Exercise requirements
Please return only the lines from the one holding "Model each item" through the one holding "- small box (924,439,1160,628)", exactly as they appear in the records below, both ends included.

[Dataset excerpts]

★ ★ ★ ★ ★

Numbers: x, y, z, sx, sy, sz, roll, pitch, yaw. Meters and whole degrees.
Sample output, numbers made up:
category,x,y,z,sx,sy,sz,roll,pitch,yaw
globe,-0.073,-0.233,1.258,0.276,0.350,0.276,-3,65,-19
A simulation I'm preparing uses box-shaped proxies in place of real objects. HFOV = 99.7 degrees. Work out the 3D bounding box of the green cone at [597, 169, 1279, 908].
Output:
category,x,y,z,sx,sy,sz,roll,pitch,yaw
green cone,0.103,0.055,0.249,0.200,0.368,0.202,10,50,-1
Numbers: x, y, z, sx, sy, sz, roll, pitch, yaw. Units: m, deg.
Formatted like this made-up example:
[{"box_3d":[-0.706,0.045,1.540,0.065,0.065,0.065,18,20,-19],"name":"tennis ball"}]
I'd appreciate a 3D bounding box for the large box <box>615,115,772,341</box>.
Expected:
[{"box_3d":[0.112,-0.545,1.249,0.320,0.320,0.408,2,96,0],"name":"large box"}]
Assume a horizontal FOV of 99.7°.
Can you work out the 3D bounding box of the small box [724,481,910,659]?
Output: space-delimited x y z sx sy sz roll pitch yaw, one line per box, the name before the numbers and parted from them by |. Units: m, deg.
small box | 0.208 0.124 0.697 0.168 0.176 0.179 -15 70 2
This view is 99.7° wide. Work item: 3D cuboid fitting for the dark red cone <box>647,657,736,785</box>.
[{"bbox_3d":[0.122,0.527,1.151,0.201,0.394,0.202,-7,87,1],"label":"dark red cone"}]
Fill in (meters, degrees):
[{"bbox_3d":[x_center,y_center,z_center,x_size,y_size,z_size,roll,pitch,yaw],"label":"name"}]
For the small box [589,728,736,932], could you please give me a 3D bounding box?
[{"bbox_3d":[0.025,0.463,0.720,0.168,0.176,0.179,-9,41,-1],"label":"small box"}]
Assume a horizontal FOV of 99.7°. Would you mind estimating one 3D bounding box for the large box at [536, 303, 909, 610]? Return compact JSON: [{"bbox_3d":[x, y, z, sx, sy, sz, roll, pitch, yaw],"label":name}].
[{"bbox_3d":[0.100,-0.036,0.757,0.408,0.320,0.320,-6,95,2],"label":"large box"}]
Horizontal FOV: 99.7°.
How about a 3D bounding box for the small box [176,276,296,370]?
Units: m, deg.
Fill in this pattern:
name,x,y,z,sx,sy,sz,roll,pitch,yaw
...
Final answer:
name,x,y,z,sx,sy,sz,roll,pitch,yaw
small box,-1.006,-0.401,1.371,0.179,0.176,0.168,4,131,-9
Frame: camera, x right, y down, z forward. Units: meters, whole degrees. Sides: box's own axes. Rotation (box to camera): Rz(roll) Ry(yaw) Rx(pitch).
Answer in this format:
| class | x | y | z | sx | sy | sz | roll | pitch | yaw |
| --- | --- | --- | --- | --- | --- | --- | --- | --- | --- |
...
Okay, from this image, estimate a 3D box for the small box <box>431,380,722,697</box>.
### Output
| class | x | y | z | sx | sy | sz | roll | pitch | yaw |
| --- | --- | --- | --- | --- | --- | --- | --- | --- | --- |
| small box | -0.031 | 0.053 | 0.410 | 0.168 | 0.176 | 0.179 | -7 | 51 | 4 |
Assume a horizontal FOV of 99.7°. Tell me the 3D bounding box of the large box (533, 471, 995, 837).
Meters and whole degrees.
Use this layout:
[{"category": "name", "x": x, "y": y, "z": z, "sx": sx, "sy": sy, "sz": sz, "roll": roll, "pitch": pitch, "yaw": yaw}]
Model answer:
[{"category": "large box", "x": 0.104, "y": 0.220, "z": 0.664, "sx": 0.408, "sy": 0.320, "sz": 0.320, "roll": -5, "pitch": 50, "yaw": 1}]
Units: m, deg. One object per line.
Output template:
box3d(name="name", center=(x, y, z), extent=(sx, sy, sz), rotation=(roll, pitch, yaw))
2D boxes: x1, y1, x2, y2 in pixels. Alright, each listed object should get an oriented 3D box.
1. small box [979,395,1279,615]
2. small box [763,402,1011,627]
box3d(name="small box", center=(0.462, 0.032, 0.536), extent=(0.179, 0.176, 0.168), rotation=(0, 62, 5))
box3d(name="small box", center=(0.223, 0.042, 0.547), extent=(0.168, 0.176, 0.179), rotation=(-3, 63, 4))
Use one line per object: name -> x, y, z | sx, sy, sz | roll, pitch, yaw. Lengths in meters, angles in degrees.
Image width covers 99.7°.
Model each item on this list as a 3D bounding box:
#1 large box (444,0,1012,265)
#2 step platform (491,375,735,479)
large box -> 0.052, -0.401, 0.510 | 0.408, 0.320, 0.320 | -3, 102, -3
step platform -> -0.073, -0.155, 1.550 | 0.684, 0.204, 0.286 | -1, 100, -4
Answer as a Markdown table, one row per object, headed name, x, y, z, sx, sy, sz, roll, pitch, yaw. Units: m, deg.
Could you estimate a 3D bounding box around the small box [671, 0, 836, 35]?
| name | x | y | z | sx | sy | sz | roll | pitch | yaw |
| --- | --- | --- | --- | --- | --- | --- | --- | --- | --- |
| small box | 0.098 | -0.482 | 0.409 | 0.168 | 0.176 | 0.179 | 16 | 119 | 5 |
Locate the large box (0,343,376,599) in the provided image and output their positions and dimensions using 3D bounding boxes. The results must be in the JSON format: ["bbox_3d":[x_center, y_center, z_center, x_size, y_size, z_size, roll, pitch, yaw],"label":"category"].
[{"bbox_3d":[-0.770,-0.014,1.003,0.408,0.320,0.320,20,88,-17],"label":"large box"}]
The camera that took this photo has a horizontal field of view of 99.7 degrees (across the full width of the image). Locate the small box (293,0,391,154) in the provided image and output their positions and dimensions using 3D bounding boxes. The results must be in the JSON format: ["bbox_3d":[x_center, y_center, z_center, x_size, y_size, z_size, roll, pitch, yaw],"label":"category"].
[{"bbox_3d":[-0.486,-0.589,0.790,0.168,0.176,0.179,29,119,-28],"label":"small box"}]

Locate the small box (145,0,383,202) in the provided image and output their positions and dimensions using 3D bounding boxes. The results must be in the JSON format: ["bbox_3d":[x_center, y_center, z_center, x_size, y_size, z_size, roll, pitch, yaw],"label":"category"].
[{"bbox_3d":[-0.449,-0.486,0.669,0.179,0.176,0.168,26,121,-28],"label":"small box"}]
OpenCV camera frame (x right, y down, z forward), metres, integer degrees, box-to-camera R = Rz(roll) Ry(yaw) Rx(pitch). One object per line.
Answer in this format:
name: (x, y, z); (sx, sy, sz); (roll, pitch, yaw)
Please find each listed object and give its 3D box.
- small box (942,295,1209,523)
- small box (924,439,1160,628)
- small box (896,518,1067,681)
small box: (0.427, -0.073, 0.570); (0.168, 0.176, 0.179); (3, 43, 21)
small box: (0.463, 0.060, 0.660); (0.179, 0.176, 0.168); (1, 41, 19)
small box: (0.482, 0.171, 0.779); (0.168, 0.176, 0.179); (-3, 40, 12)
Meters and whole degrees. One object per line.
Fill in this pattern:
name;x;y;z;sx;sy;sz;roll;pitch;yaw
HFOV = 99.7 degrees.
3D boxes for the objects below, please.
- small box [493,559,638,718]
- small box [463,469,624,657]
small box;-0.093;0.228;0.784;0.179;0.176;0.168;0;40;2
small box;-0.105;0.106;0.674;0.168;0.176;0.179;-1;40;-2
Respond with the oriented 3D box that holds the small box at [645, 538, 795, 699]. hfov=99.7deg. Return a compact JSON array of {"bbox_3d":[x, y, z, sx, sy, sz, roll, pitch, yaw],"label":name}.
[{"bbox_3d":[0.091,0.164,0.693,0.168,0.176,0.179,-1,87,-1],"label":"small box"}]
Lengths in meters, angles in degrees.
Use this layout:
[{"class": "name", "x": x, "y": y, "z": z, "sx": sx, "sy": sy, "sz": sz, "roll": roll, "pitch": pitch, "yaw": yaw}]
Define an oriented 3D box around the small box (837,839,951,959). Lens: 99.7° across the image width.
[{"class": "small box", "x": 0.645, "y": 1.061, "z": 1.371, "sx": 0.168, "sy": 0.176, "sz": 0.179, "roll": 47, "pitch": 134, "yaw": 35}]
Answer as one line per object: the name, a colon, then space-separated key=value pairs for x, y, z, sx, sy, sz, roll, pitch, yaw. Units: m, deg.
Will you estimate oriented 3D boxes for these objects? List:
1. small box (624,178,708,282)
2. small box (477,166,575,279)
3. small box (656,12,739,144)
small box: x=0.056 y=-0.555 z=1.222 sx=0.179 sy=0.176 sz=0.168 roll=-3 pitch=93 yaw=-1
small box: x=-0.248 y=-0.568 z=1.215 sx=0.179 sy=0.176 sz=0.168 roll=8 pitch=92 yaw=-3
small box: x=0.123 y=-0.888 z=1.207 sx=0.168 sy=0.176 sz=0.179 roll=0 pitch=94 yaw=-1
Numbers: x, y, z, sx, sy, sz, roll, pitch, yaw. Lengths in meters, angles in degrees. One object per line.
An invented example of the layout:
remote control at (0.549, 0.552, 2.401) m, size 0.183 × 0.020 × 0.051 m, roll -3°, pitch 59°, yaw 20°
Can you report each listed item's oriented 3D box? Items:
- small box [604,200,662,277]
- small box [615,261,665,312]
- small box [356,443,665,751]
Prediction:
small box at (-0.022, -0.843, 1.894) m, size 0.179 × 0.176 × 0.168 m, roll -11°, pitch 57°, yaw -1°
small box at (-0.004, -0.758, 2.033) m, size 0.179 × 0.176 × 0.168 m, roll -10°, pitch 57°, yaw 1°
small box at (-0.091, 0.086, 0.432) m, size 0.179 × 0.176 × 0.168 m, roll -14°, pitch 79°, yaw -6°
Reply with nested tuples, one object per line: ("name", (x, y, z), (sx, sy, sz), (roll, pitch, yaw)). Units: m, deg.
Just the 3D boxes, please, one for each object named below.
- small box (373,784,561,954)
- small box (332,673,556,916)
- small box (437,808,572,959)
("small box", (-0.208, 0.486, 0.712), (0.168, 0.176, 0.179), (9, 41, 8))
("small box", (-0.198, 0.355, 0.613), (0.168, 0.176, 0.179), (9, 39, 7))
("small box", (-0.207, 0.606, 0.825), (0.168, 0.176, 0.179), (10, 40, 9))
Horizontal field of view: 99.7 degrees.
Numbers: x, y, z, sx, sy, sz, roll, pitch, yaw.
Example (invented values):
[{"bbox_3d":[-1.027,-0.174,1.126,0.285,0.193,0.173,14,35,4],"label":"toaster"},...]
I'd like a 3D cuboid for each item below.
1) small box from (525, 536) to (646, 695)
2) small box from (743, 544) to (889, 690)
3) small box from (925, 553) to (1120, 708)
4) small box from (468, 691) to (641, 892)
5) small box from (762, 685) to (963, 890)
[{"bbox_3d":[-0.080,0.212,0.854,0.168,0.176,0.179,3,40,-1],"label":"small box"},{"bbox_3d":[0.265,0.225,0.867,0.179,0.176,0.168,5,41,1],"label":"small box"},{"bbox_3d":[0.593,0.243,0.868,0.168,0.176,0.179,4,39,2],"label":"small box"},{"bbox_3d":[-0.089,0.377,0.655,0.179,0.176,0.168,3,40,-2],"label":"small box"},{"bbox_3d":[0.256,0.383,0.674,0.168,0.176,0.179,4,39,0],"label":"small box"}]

★ ★ ★ ★ ★

Exercise solution
Model each item on this list as a 3D bounding box:
#1 large box (444,0,1012,265)
#2 step platform (491,375,735,479)
large box -> 0.052, -0.401, 0.510 | 0.408, 0.320, 0.320 | -3, 102, -3
step platform -> -0.073, -0.155, 1.550 | 0.684, 0.204, 0.286 | -1, 100, -4
Answer as a Markdown table, one row per object, headed name, x, y, z, sx, sy, sz, roll, pitch, yaw. Units: m, deg.
Could you estimate a 3D bounding box around the small box [671, 0, 836, 35]?
| name | x | y | z | sx | sy | sz | roll | pitch | yaw |
| --- | --- | --- | --- | --- | --- | --- | --- | --- | --- |
| small box | 0.098 | -0.482 | 0.409 | 0.168 | 0.176 | 0.179 | 16 | 119 | 5 |
Locate the large box (0,343,376,599) in the provided image and output their positions and dimensions using 3D bounding boxes. The results must be in the JSON format: ["bbox_3d":[x_center, y_center, z_center, x_size, y_size, z_size, roll, pitch, yaw],"label":"category"].
[{"bbox_3d":[-0.770,-0.014,1.003,0.408,0.320,0.320,20,88,-17],"label":"large box"}]
The camera that took this photo has a horizontal field of view of 99.7 degrees (across the full width of the image). Locate the small box (293,0,391,154) in the provided image and output their positions and dimensions using 3D bounding boxes. The results must be in the JSON format: ["bbox_3d":[x_center, y_center, z_center, x_size, y_size, z_size, roll, pitch, yaw],"label":"category"].
[{"bbox_3d":[-0.486,-0.589,0.790,0.168,0.176,0.179,29,119,-28],"label":"small box"}]

Locate the small box (145,0,383,202) in the provided image and output their positions and dimensions using 3D bounding boxes. The results must be in the JSON format: ["bbox_3d":[x_center, y_center, z_center, x_size, y_size, z_size, roll, pitch, yaw],"label":"category"].
[{"bbox_3d":[-0.449,-0.486,0.669,0.179,0.176,0.168,26,121,-28],"label":"small box"}]
OpenCV camera frame (x right, y down, z forward), metres, integer degrees, box-to-camera R = Rz(roll) Ry(yaw) Rx(pitch). One object per line.
Answer in this format:
name: (x, y, z); (sx, sy, sz); (roll, pitch, yaw)
Please find each listed object and give its 3D box.
- small box (942,295,1209,523)
- small box (924,439,1160,628)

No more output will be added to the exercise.